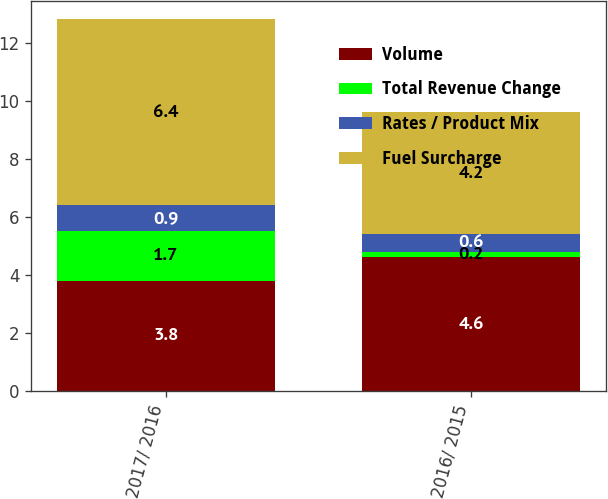Convert chart. <chart><loc_0><loc_0><loc_500><loc_500><stacked_bar_chart><ecel><fcel>2017/ 2016<fcel>2016/ 2015<nl><fcel>Volume<fcel>3.8<fcel>4.6<nl><fcel>Total Revenue Change<fcel>1.7<fcel>0.2<nl><fcel>Rates / Product Mix<fcel>0.9<fcel>0.6<nl><fcel>Fuel Surcharge<fcel>6.4<fcel>4.2<nl></chart> 
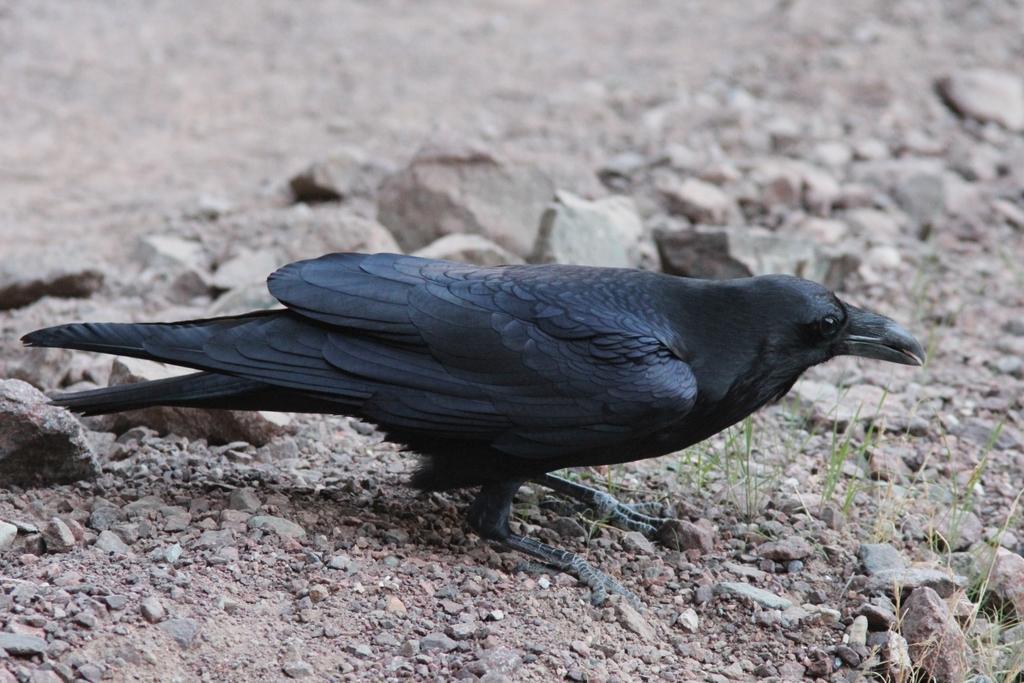Can you describe this image briefly? In this image I can see a bird which is in gray color. Background I can see few stones. 
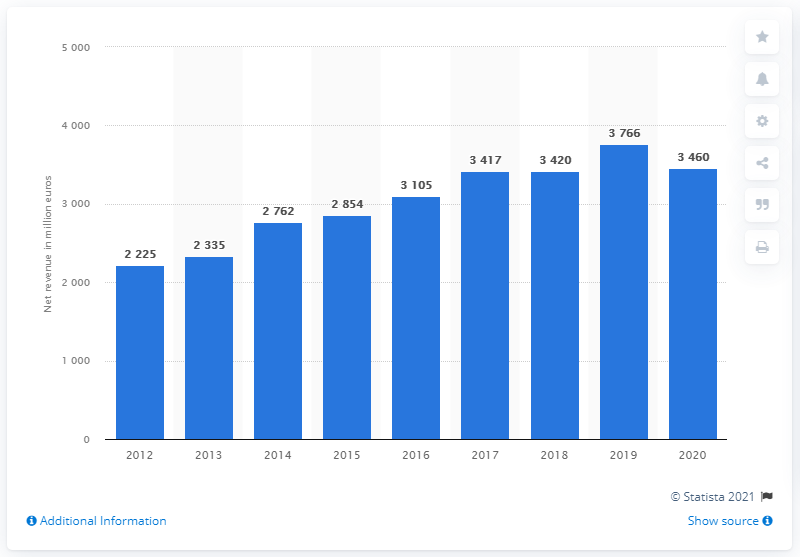Point out several critical features in this image. Ferrari's net revenue in the 2020 fiscal year was 3,460 million euros. 
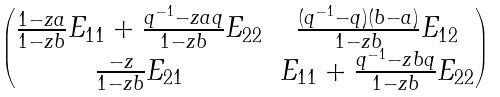<formula> <loc_0><loc_0><loc_500><loc_500>\begin{pmatrix} \frac { 1 - z a } { 1 - z b } E _ { 1 1 } + \frac { q ^ { - 1 } - z a q } { 1 - z b } E _ { 2 2 } & \frac { ( q ^ { - 1 } - q ) ( b - a ) } { 1 - z b } E _ { 1 2 } \\ \frac { - z } { 1 - z b } E _ { 2 1 } & E _ { 1 1 } + \frac { q ^ { - 1 } - z b q } { 1 - z b } E _ { 2 2 } \end{pmatrix}</formula> 
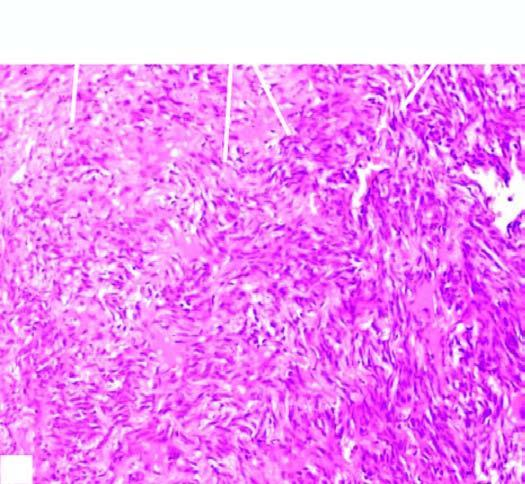does the cytoplasm show replacement of slaty-grey spongy parenchyma with multiple, firm, grey-white nodular masses, some having areas of haemorhages and necrosis?
Answer the question using a single word or phrase. No 
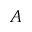Convert formula to latex. <formula><loc_0><loc_0><loc_500><loc_500>A</formula> 
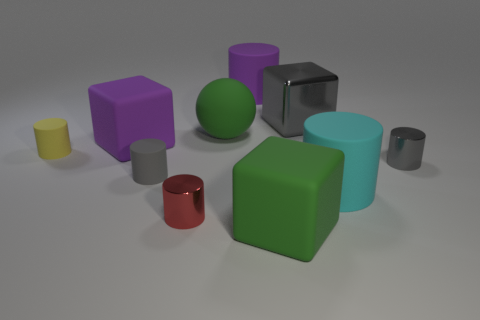How many other things are made of the same material as the yellow object?
Offer a very short reply. 6. What size is the gray metal thing that is in front of the big green rubber ball?
Provide a succinct answer. Small. There is a small shiny thing that is on the left side of the thing behind the metal block; what is its shape?
Ensure brevity in your answer.  Cylinder. There is a tiny cylinder to the left of the large purple thing that is in front of the purple cylinder; what number of blocks are behind it?
Offer a terse response. 2. Is the number of tiny gray metal cylinders that are on the left side of the gray shiny block less than the number of large things?
Offer a very short reply. Yes. Is there any other thing that is the same shape as the large cyan matte thing?
Give a very brief answer. Yes. What shape is the metallic thing that is to the left of the big green matte cube?
Your answer should be compact. Cylinder. There is a green object that is left of the purple thing behind the large purple cube that is behind the large green rubber cube; what is its shape?
Provide a short and direct response. Sphere. How many things are large green rubber balls or small shiny balls?
Your answer should be very brief. 1. There is a green thing in front of the yellow cylinder; is its shape the same as the metallic object that is in front of the gray matte thing?
Ensure brevity in your answer.  No. 
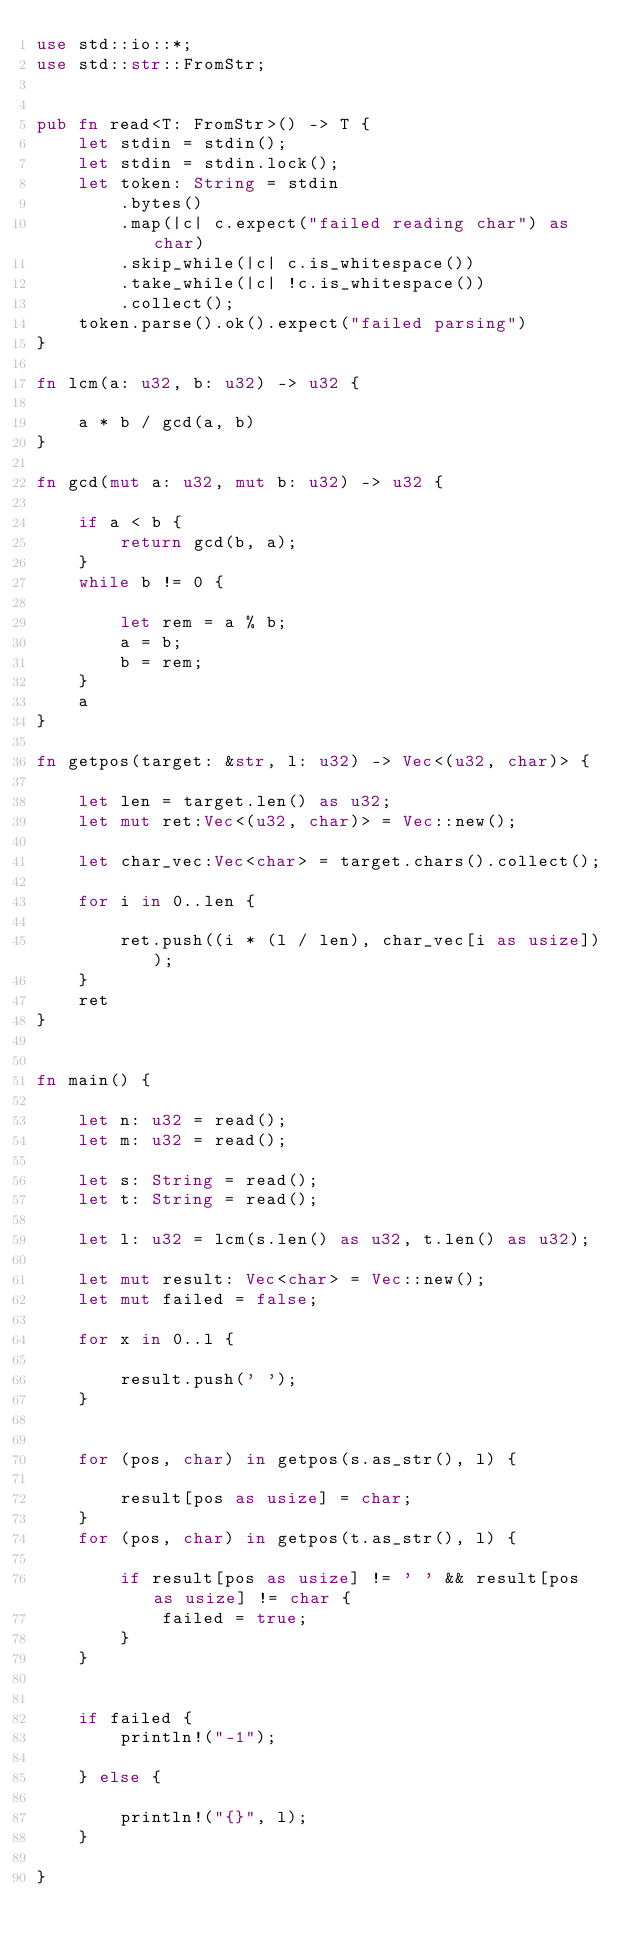<code> <loc_0><loc_0><loc_500><loc_500><_Rust_>use std::io::*;
use std::str::FromStr;


pub fn read<T: FromStr>() -> T {
    let stdin = stdin();
    let stdin = stdin.lock();
    let token: String = stdin
        .bytes()
        .map(|c| c.expect("failed reading char") as char)
        .skip_while(|c| c.is_whitespace())
        .take_while(|c| !c.is_whitespace())
        .collect();
    token.parse().ok().expect("failed parsing")
}

fn lcm(a: u32, b: u32) -> u32 {

    a * b / gcd(a, b)
}

fn gcd(mut a: u32, mut b: u32) -> u32 {

    if a < b {
        return gcd(b, a);
    }
    while b != 0 {

        let rem = a % b;
        a = b;
        b = rem;
    }
    a
}

fn getpos(target: &str, l: u32) -> Vec<(u32, char)> {

    let len = target.len() as u32;
    let mut ret:Vec<(u32, char)> = Vec::new();

    let char_vec:Vec<char> = target.chars().collect();

    for i in 0..len {

        ret.push((i * (l / len), char_vec[i as usize]));
    }
    ret
}


fn main() {

    let n: u32 = read();
    let m: u32 = read();

    let s: String = read();
    let t: String = read();

    let l: u32 = lcm(s.len() as u32, t.len() as u32);

    let mut result: Vec<char> = Vec::new();
    let mut failed = false;

    for x in 0..l {

        result.push(' ');
    }


    for (pos, char) in getpos(s.as_str(), l) {

        result[pos as usize] = char;
    }
    for (pos, char) in getpos(t.as_str(), l) {

        if result[pos as usize] != ' ' && result[pos as usize] != char {
            failed = true;
        }
    }


    if failed {
        println!("-1");

    } else {

        println!("{}", l);
    }

}
</code> 
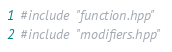Convert code to text. <code><loc_0><loc_0><loc_500><loc_500><_C++_>#include "function.hpp"
#include "modifiers.hpp"
</code> 
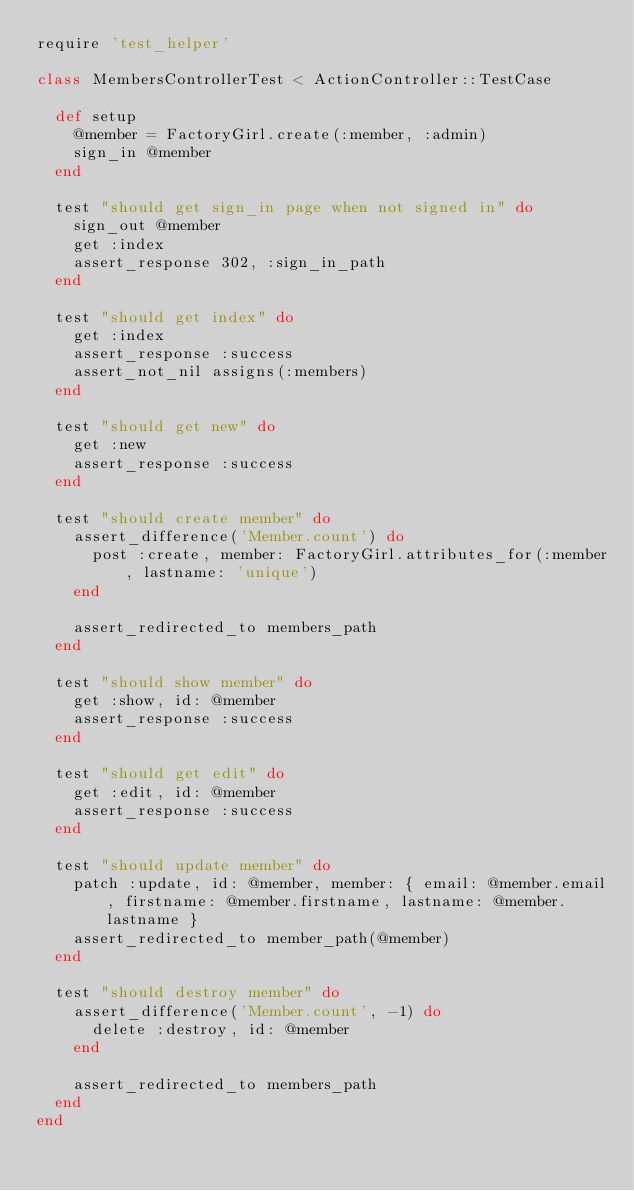<code> <loc_0><loc_0><loc_500><loc_500><_Ruby_>require 'test_helper'

class MembersControllerTest < ActionController::TestCase

  def setup
    @member = FactoryGirl.create(:member, :admin)
    sign_in @member
  end

  test "should get sign_in page when not signed in" do
    sign_out @member
    get :index
    assert_response 302, :sign_in_path
  end

  test "should get index" do
    get :index
    assert_response :success
    assert_not_nil assigns(:members)
  end

  test "should get new" do
    get :new
    assert_response :success
  end

  test "should create member" do
    assert_difference('Member.count') do
      post :create, member: FactoryGirl.attributes_for(:member, lastname: 'unique')
    end

    assert_redirected_to members_path
  end

  test "should show member" do
    get :show, id: @member
    assert_response :success
  end

  test "should get edit" do
    get :edit, id: @member
    assert_response :success
  end

  test "should update member" do
    patch :update, id: @member, member: { email: @member.email, firstname: @member.firstname, lastname: @member.lastname }
    assert_redirected_to member_path(@member)
  end

  test "should destroy member" do
    assert_difference('Member.count', -1) do
      delete :destroy, id: @member
    end

    assert_redirected_to members_path
  end
end
</code> 
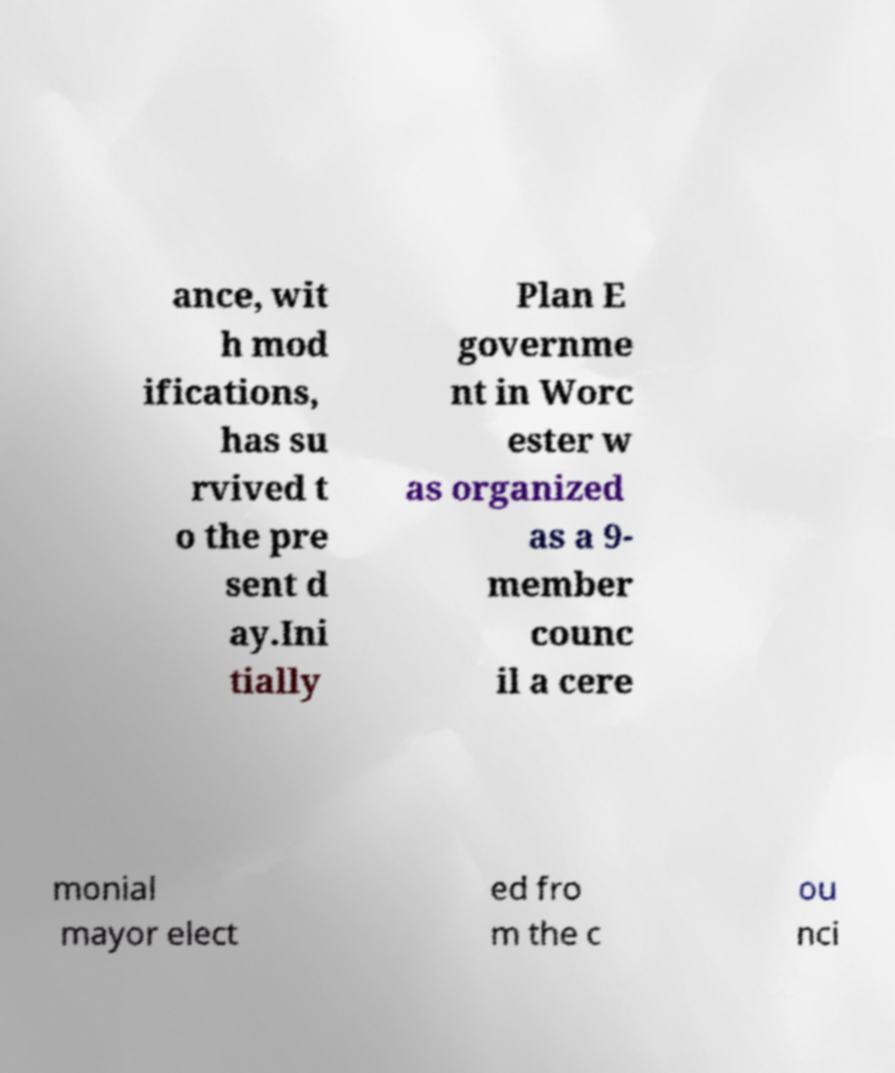What messages or text are displayed in this image? I need them in a readable, typed format. ance, wit h mod ifications, has su rvived t o the pre sent d ay.Ini tially Plan E governme nt in Worc ester w as organized as a 9- member counc il a cere monial mayor elect ed fro m the c ou nci 
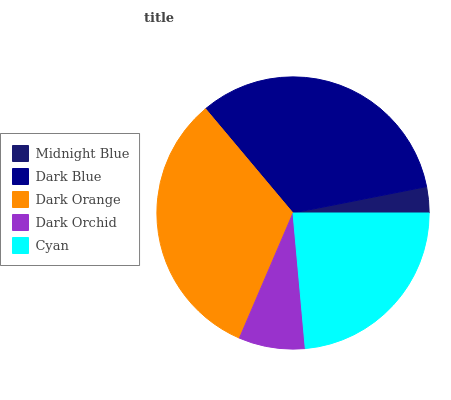Is Midnight Blue the minimum?
Answer yes or no. Yes. Is Dark Blue the maximum?
Answer yes or no. Yes. Is Dark Orange the minimum?
Answer yes or no. No. Is Dark Orange the maximum?
Answer yes or no. No. Is Dark Blue greater than Dark Orange?
Answer yes or no. Yes. Is Dark Orange less than Dark Blue?
Answer yes or no. Yes. Is Dark Orange greater than Dark Blue?
Answer yes or no. No. Is Dark Blue less than Dark Orange?
Answer yes or no. No. Is Cyan the high median?
Answer yes or no. Yes. Is Cyan the low median?
Answer yes or no. Yes. Is Dark Orchid the high median?
Answer yes or no. No. Is Midnight Blue the low median?
Answer yes or no. No. 
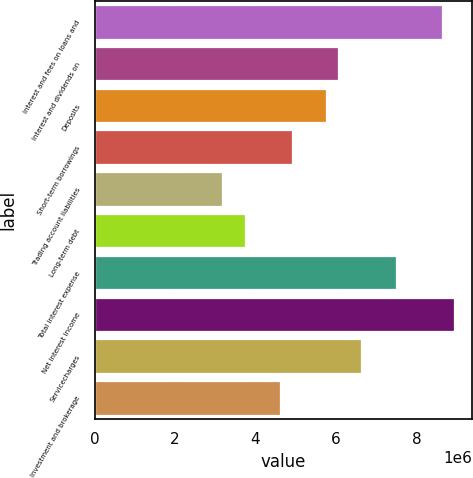Convert chart to OTSL. <chart><loc_0><loc_0><loc_500><loc_500><bar_chart><fcel>Interest and fees on loans and<fcel>Interest and dividends on<fcel>Deposits<fcel>Short-term borrowings<fcel>Trading account liabilities<fcel>Long-term debt<fcel>Total interest expense<fcel>Net interest income<fcel>Servicecharges<fcel>Investment and brokerage<nl><fcel>8.64092e+06<fcel>6.04864e+06<fcel>5.76061e+06<fcel>4.89652e+06<fcel>3.16834e+06<fcel>3.7444e+06<fcel>7.48879e+06<fcel>8.92895e+06<fcel>6.6247e+06<fcel>4.60849e+06<nl></chart>

※

- _Problem requirements_: Above are the entries. Quote exactly the lines from the one bearing "let token: String = stdin" through the one bearing "let s: String = read();".

- _Expected answer_:
    let token: String = stdin
        .bytes()
        .map(|c| c.expect("failed reading char") as char)
        .skip_while(|c| c.is_whitespace())
        .take_while(|c| !c.is_whitespace())
        .collect();
    token.parse().ok().expect("failed parsing")
}

fn lcm(a: u32, b: u32) -> u32 {

    a * b / gcd(a, b)
}

fn gcd(mut a: u32, mut b: u32) -> u32 {

    if a < b {
        return gcd(b, a);
    }
    while b != 0 {

        let rem = a % b;
        a = b;
        b = rem;
    }
    a
}

fn getpos(target: &str, l: u32) -> Vec<(u32, char)> {

    let len = target.len() as u32;
    let mut ret:Vec<(u32, char)> = Vec::new();

    let char_vec:Vec<char> = target.chars().collect();

    for i in 0..len {

        ret.push((i * (l / len), char_vec[i as usize]));
    }
    ret
}


fn main() {

    let n: u32 = read();
    let m: u32 = read();

    let s: String = read();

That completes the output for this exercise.